Claire takes a five-question true-false test. She hasn't studied, so she guesses at random. With her ESP she figures she has a 60% probability of getting any one answer wrong.

A. What is the probability of getting an answer wrong? (Do you think they want me to ignore the ESP nugget or take it into account?)
b. Let P(x) be the probability of getting exactly x of the five answers right. Calculate p(0) through P(5)
c. What is the probability of getting at least three answers right.

We will have to assume the ESP estimation is correct.

The resulting distribution is binomial, with 5 questions, and probability of success p=1-0.6=0.4, q=1-p=0.6 (failure).

The probability of getting exactly n question correct (out of 5) is given by the binomial coefficient
C(5,n)p^n q^(5-n)
where C(5,n)=5!/(n!(5-n)!)
Example:
probability of getting 3 answers right
=P(3) = [5!/(3!2!)]0.4^3 0.6^2
=0.2304

To calculate the probability of getting at least three correct would be:
P(3)+P(4)+P(5)=0.317

A. To calculate the probability of getting an answer wrong, we need to consider that Claire has a 60% probability of getting any one answer wrong. Therefore, the probability of getting an answer wrong would be 0.6 or 60%.

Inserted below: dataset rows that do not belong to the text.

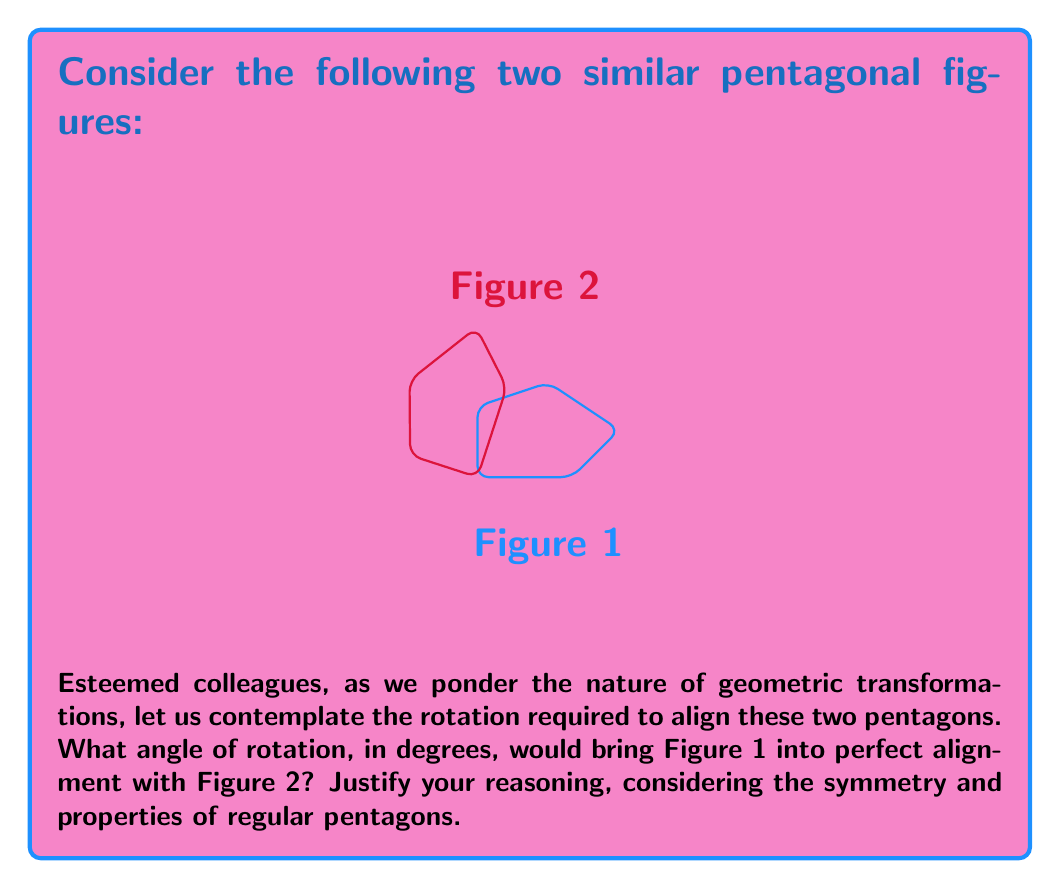Can you answer this question? Let us approach this problem step-by-step, employing both geometric reasoning and mathematical precision:

1) First, we must recognize that these pentagons appear to be regular. A regular pentagon has five-fold rotational symmetry, meaning it can be rotated by multiples of 72° (360° ÷ 5) to align with itself.

2) The rotation from Figure 1 to Figure 2 appears to be clockwise. In mathematics, we typically consider counterclockwise rotations as positive, so we'll need to determine the equivalent counterclockwise rotation.

3) Observing the figures, we can see that Figure 2 seems to be rotated by one-fifth of a full rotation relative to Figure 1. This corresponds to a 72° clockwise rotation.

4) To express this as a counterclockwise rotation, we can subtract 72° from 360°:

   $$ 360° - 72° = 288° $$

5) We can verify this by considering the properties of regular pentagons:
   - The internal angle of a regular pentagon is $(540° / 5) = 108°$
   - The external angle (supplement of the internal angle) is $180° - 108° = 72°$

6) Therefore, a rotation of 288° counterclockwise (or 72° clockwise) would indeed bring Figure 1 into alignment with Figure 2.

This geometric transformation exemplifies the profound connection between symmetry and rotational properties in regular polygons, a concept that extends far beyond mere visual alignment into the realms of group theory and abstract algebra.
Answer: 288°

B. To calculate the probabilities of getting exactly x out of the five answers right, we can use the binomial probability formula:

P(x) = C(n, x) * p^x * (1-p)^(n-x)

Where:
- P(x) is the probability of getting exactly x out of the five answers right.
- C(n, x) is the number of combinations of n items taken x at a time, which can be calculated using the binomial coefficient formula: n! / (x! * (n-x)!)
- p is the probability of getting a single answer right, which is the complement of the probability of getting it wrong. In this case, p = 1 - 0.6 = 0.4.
- n represents the total number of questions, which is 5.
- x represents the number of questions answered correctly, ranging from 0 to 5.

We can calculate P(0) through P(5) as follows:

P(0) = C(5, 0) * 0.4^0 * (1 - 0.4)^(5-0)
P(1) = C(5, 1) * 0.4^1 * (1 - 0.4)^(5-1)
P(2) = C(5, 2) * 0.4^2 * (1 - 0.4)^(5-2)
P(3) = C(5, 3) * 0.4^3 * (1 - 0.4)^(5-3)
P(4) = C(5, 4) * 0.4^4 * (1 - 0.4)^(5-4)
P(5) = C(5, 5) * 0.4^5 * (1 - 0.4)^(5-5)

By calculating these values using the given formulas, you can determine the probabilities of getting exactly x out of the five answers right.

C. To calculate the probability of getting at least three answers right, we need to sum up the probabilities of getting exactly 3, 4, or 5 answers right.

P(at least 3) = P(3) + P(4) + P(5)

By substituting the values calculated in step B, you can determine the probability of getting at least three answers right.